Although the records contain pictures, only their text should be reproduced, exactly as written.

=== Begin Enclosure ===

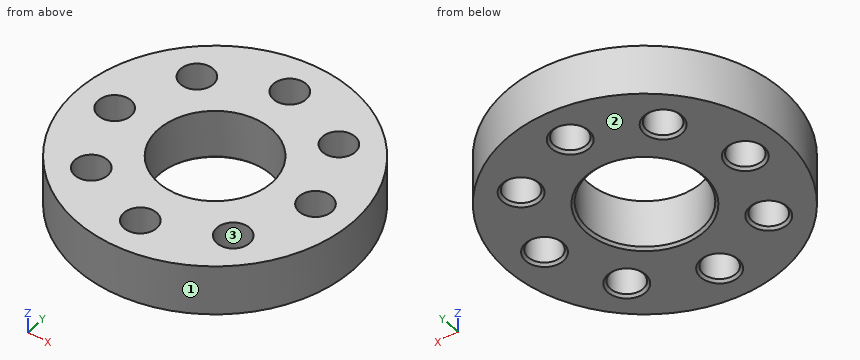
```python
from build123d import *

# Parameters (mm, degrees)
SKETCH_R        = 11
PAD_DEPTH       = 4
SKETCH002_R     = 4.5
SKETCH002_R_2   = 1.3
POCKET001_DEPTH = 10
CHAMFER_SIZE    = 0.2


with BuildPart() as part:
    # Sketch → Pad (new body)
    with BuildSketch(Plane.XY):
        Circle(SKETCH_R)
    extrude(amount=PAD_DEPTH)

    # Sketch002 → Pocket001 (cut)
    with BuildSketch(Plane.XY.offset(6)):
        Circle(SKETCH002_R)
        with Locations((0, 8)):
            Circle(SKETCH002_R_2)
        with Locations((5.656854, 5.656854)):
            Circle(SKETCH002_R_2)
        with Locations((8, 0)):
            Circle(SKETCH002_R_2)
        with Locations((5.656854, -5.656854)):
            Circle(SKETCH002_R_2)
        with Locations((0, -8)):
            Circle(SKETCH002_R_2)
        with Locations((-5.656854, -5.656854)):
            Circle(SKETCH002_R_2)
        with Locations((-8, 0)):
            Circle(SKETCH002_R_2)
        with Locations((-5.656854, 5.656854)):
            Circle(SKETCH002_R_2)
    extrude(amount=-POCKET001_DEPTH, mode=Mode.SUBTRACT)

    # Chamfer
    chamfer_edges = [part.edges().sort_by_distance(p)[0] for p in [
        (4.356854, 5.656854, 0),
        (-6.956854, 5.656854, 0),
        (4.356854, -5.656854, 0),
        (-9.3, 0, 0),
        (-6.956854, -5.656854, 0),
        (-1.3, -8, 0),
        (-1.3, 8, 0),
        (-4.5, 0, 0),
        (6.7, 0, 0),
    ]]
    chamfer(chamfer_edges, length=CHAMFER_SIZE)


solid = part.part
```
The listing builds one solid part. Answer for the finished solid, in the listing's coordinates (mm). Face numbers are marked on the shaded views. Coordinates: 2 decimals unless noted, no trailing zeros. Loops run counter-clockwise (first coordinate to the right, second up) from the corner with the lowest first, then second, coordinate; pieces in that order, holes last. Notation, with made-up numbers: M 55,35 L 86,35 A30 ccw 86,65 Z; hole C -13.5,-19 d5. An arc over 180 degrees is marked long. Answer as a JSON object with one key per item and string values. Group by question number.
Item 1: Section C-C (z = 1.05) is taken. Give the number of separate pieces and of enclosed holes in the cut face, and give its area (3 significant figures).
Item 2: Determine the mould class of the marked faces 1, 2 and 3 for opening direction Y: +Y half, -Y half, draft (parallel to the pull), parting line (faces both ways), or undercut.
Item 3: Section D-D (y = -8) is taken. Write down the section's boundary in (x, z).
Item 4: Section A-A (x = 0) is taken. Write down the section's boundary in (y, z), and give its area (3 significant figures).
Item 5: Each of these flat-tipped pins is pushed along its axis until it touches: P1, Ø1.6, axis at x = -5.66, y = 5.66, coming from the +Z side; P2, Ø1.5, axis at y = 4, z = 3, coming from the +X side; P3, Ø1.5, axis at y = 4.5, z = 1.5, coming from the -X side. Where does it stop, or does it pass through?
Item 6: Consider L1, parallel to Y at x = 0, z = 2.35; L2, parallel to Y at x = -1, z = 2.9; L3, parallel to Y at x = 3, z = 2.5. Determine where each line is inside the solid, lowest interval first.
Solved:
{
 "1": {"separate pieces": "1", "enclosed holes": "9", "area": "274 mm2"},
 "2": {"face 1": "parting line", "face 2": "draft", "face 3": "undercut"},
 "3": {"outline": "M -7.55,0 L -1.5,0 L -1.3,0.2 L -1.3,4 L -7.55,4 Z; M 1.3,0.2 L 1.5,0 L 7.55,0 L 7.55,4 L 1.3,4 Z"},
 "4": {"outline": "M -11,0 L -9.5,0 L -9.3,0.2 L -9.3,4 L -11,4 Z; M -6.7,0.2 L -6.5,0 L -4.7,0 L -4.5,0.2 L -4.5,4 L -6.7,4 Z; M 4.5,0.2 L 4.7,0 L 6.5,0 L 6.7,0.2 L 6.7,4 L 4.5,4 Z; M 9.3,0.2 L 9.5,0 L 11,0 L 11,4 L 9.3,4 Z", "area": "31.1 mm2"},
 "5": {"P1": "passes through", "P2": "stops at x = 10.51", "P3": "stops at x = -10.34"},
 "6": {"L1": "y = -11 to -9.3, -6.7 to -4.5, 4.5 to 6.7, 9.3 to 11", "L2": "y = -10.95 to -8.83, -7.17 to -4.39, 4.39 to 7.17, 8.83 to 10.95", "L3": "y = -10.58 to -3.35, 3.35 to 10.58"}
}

=== End Enclosure ===

SOLVED EXERCISE:
```python
from build123d import *

# Parameters (mm, degrees)
SKETCH_R        = 11
PAD_DEPTH       = 4
SKETCH002_R     = 4.5
SKETCH002_R_2   = 1.3
POCKET001_DEPTH = 10
CHAMFER_SIZE    = 0.2


with BuildPart() as part:
    # Sketch → Pad (new body)
    with BuildSketch(Plane.XY):
        Circle(SKETCH_R)
    extrude(amount=PAD_DEPTH)

    # Sketch002 → Pocket001 (cut)
    with BuildSketch(Plane.XY.offset(6)):
        Circle(SKETCH002_R)
        with Locations((0, 8)):
            Circle(SKETCH002_R_2)
        with Locations((5.656854, 5.656854)):
            Circle(SKETCH002_R_2)
        with Locations((8, 0)):
            Circle(SKETCH002_R_2)
        with Locations((5.656854, -5.656854)):
            Circle(SKETCH002_R_2)
        with Locations((0, -8)):
            Circle(SKETCH002_R_2)
        with Locations((-5.656854, -5.656854)):
            Circle(SKETCH002_R_2)
        with Locations((-8, 0)):
            Circle(SKETCH002_R_2)
        with Locations((-5.656854, 5.656854)):
            Circle(SKETCH002_R_2)
    extrude(amount=-POCKET001_DEPTH, mode=Mode.SUBTRACT)

    # Chamfer
    chamfer_edges = [part.edges().sort_by_distance(p)[0] for p in [
        (4.356854, 5.656854, 0),
        (-6.956854, 5.656854, 0),
        (4.356854, -5.656854, 0),
        (-9.3, 0, 0),
        (-6.956854, -5.656854, 0),
        (-1.3, -8, 0),
        (-1.3, 8, 0),
        (-4.5, 0, 0),
        (6.7, 0, 0),
    ]]
    chamfer(chamfer_edges, length=CHAMFER_SIZE)


solid = part.part
```
The listing builds one solid part. Answer for the finished solid, in the listing's coordinates (mm). Face numbers are marked on the shaded views. Coordinates: 2 decimals unless noted, no trailing zeros. Loops run counter-clockwise (first coordinate to the right, second up) from the corner with the lowest first, then second, coordinate; pieces in that order, holes last. Notation, with made-up numbers: M 55,35 L 86,35 A30 ccw 86,65 Z; hole C -13.5,-19 d5. An arc over 180 degrees is marked long. Answer as a JSON object with one key per item and string values. Group by question number.
Item 1: Section C-C (z = 1.05) is taken. Give the number of separate pieces and of enclosed holes in the cut face, and give its area (3 significant figures).
Item 2: Determine the mould class of the marked faces 1, 2 and 3 for opening direction Y: +Y half, -Y half, draft (parallel to the pull), parting line (faces both ways), or undercut.
Item 3: Section D-D (y = -8) is taken. Write down the section's boundary in (x, z).
Item 4: Section A-A (x = 0) is taken. Write down the section's boundary in (y, z), and give its area (3 significant figures).
Item 5: Each of these flat-tipped pins is pushed along its axis until it touches: P1, Ø1.6, axis at x = -5.66, y = 5.66, coming from the +Z side; P2, Ø1.5, axis at y = 4, z = 3, coming from the +X side; P3, Ø1.5, axis at y = 4.5, z = 1.5, coming from the -X side. Where does it stop, or does it pass through?
Item 6: Consider L1, parallel to Y at x = 0, z = 2.35; L2, parallel to Y at x = -1, z = 2.9; L3, parallel to Y at x = 3, z = 2.5. Determine where each line is inside the solid, lowest interval first.
Solved:
{
 "1": {"separate pieces": "1", "enclosed holes": "9", "area": "274 mm2"},
 "2": {"face 1": "parting line", "face 2": "draft", "face 3": "undercut"},
 "3": {"outline": "M -7.55,0 L -1.5,0 L -1.3,0.2 L -1.3,4 L -7.55,4 Z; M 1.3,0.2 L 1.5,0 L 7.55,0 L 7.55,4 L 1.3,4 Z"},
 "4": {"outline": "M -11,0 L -9.5,0 L -9.3,0.2 L -9.3,4 L -11,4 Z; M -6.7,0.2 L -6.5,0 L -4.7,0 L -4.5,0.2 L -4.5,4 L -6.7,4 Z; M 4.5,0.2 L 4.7,0 L 6.5,0 L 6.7,0.2 L 6.7,4 L 4.5,4 Z; M 9.3,0.2 L 9.5,0 L 11,0 L 11,4 L 9.3,4 Z", "area": "31.1 mm2"},
 "5": {"P1": "passes through", "P2": "stops at x = 10.51", "P3": "stops at x = -10.34"},
 "6": {"L1": "y = -11 to -9.3, -6.7 to -4.5, 4.5 to 6.7, 9.3 to 11", "L2": "y = -10.95 to -8.83, -7.17 to -4.39, 4.39 to 7.17, 8.83 to 10.95", "L3": "y = -10.58 to -3.35, 3.35 to 10.58"}
}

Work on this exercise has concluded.